Sinking to the lowest depths of Franklin’s tenure at Penn State, not to mention setting a program record for futility to begin any season in its history, the head coach pointed forward. Unable to undo what’d already taken place, the notion that Penn State would carry on through the same trajectory was flatly rejected.

“We got in this situation together, we're going to get out of this situation together,” Franklin said. “Give Iowa credit. We got to get these things corrected. We got to get these things fixed. But the story of the game and the story of the season is turnovers.”

In the time since Penn State has reeled off nine straight wins bridging the end of the 2020 and start of the 2021 season. Iowa, meanwhile, has done the same in building its streak to 11 wins, topping its final six opponents of the ’20 campaign after an 0-2 start and building on it with five more to begin the new year.

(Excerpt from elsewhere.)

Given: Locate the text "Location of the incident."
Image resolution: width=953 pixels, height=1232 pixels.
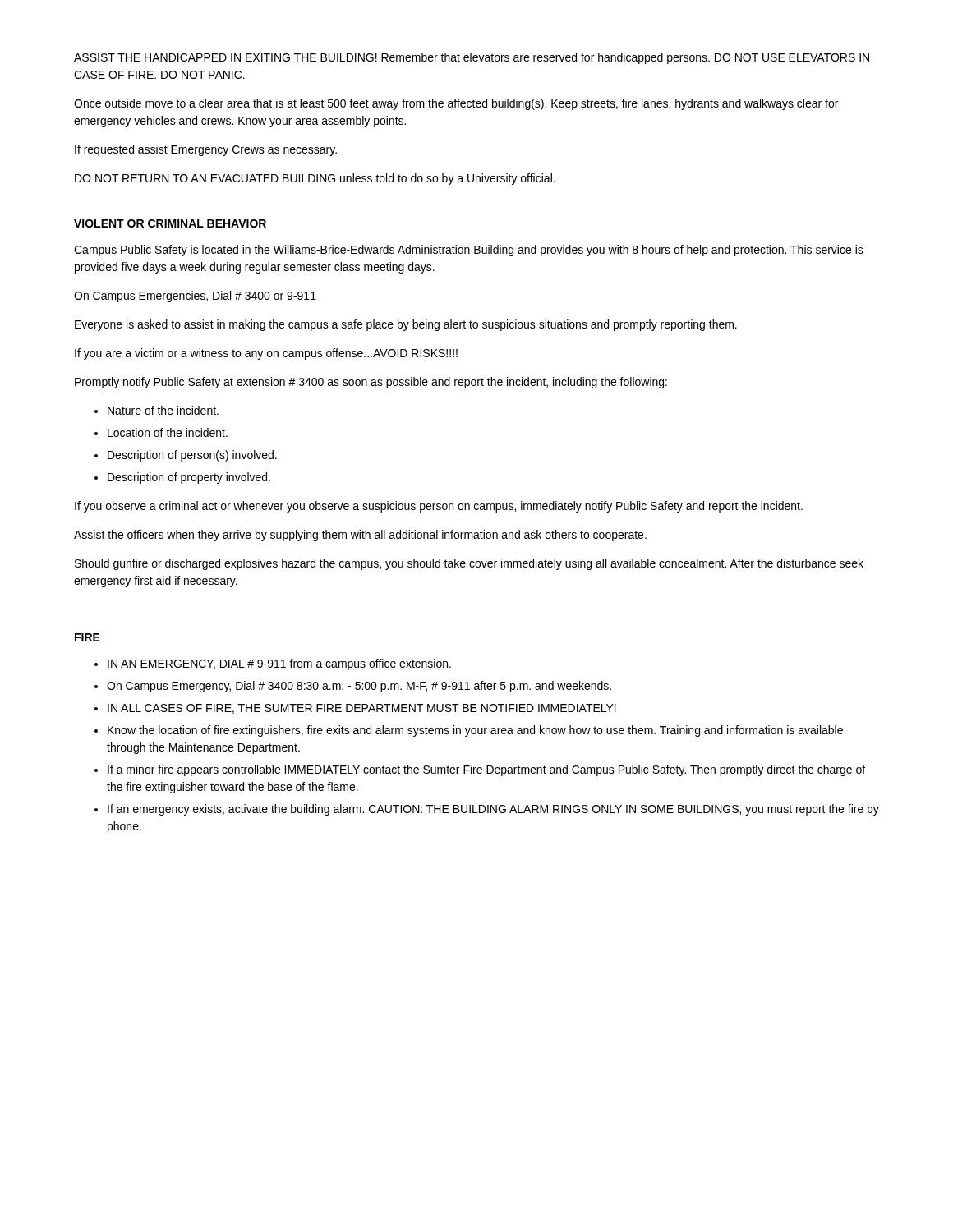Looking at the screenshot, I should click(x=168, y=433).

Transforming a moment of dejection and disappointment into something else entirely, it’s a moment Penn State football likely won’t forget as it prepares for Saturday’s next opportunity.

“We got to stick together as a family and as a team and stay positive,” Franklin said. “We're being challenged right now. We've had to learn how to handle success and now we're having to learn how to handle adversity… But we got to stay together as a family, closer than we've ever been, and find a way through this.”

Penn State did last fall and winter into spring and summer sessions that have set the Nittany Lions up for their unblemished start to the year. Saturday, they will get another opportunity to continue their walk down that path.